[Data excerpts]
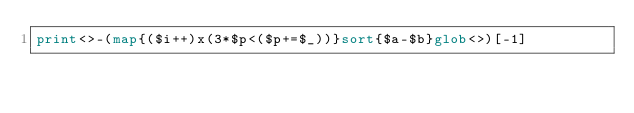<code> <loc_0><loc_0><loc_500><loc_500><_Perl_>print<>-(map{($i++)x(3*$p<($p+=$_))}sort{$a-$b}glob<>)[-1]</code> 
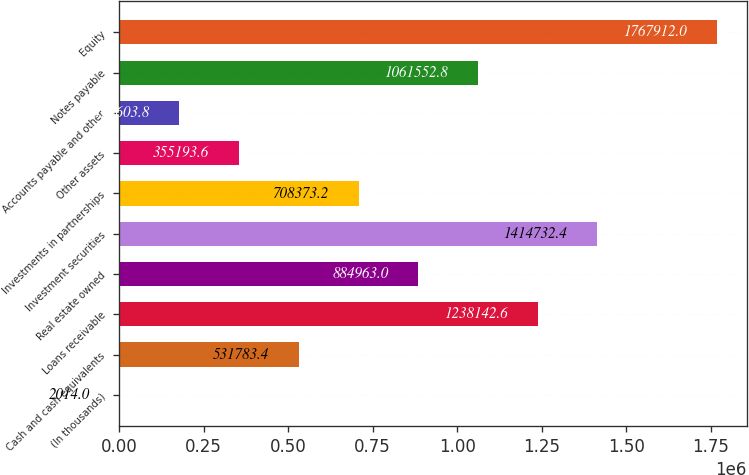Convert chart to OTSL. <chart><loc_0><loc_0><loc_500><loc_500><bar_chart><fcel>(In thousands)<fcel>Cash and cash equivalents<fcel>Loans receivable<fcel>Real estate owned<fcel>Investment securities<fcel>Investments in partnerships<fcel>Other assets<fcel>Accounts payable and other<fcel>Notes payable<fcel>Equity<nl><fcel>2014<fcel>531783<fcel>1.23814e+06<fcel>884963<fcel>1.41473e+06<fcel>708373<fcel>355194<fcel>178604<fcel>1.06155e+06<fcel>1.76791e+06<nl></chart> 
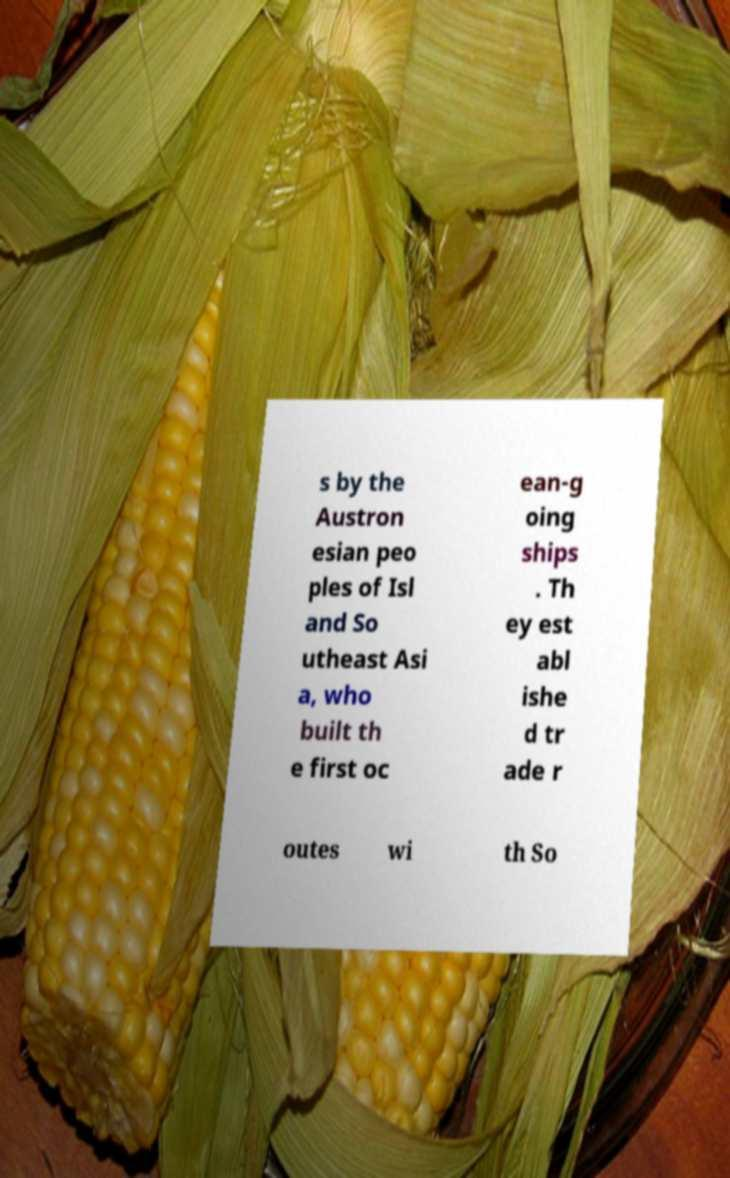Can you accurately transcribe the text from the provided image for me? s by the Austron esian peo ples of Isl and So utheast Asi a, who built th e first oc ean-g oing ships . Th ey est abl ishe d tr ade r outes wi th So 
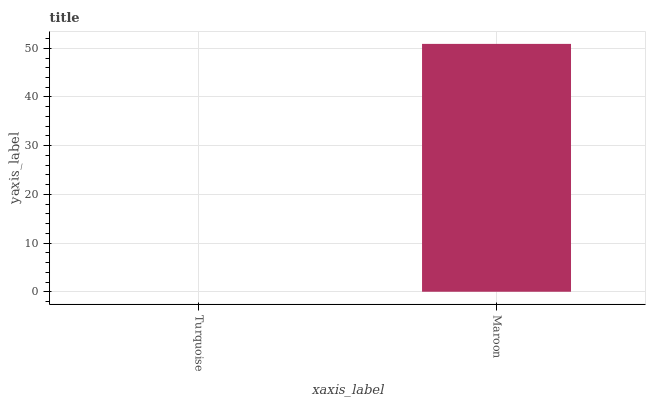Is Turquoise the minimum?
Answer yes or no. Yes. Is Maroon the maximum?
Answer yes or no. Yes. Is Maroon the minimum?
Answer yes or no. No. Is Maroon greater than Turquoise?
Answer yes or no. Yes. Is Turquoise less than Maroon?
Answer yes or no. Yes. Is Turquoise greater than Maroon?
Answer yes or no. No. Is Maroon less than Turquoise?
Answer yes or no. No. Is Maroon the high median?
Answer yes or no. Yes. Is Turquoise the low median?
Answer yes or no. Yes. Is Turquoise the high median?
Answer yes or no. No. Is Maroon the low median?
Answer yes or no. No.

**REQUIRED WORK**.
Which lines of the data contain "Maroon"? Copy them all.

**ANSWER SPACE**.
Answer yes or no. Yes. Is Maroon the maximum?
Answer yes or no. Yes. Is Maroon the minimum?
Answer yes or no. No. Is Maroon greater than Turquoise?
Answer yes or no. Yes. Is Turquoise less than Maroon?
Answer yes or no. Yes. Is Turquoise greater than Maroon?
Answer yes or no. No. Is Maroon less than Turquoise?
Answer yes or no. No. Is Maroon the high median?
Answer yes or no. No. Is Maroon the low median?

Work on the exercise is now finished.